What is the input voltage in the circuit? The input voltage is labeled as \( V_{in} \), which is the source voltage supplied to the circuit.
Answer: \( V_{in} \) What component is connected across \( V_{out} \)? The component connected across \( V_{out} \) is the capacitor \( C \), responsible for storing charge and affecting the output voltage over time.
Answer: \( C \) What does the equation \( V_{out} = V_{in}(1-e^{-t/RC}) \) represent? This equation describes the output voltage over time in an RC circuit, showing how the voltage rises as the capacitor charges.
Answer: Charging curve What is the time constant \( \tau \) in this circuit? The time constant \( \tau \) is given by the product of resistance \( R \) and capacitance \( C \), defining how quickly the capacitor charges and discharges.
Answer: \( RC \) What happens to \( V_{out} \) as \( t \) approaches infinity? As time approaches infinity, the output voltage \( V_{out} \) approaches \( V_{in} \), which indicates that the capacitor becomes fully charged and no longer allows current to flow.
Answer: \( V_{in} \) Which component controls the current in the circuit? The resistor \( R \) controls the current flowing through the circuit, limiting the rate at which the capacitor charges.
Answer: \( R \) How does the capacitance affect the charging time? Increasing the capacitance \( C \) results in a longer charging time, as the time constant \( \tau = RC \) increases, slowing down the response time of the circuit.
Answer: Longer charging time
___
#### [Exercise brief]
Give back exactly the lines above starting at the line where "Answer: Charging curve" appears and ending at the line where "Answer: \( RC" appears, both included, with no other lines.

#### [Completed exercise]
Answer: Charging curve What is the time constant \( \tau \) in this circuit? The time constant \( \tau \) is given by the product of resistance \( R \) and capacitance \( C \), defining how quickly the capacitor charges and discharges.
Answer: \( RC \) What happens to \( V_{out} \) as \( t \) approaches infinity? As time approaches infinity, the output voltage \( V_{out} \) approaches \( V_{in} \), which indicates that the capacitor becomes fully charged and no longer allows current to flow.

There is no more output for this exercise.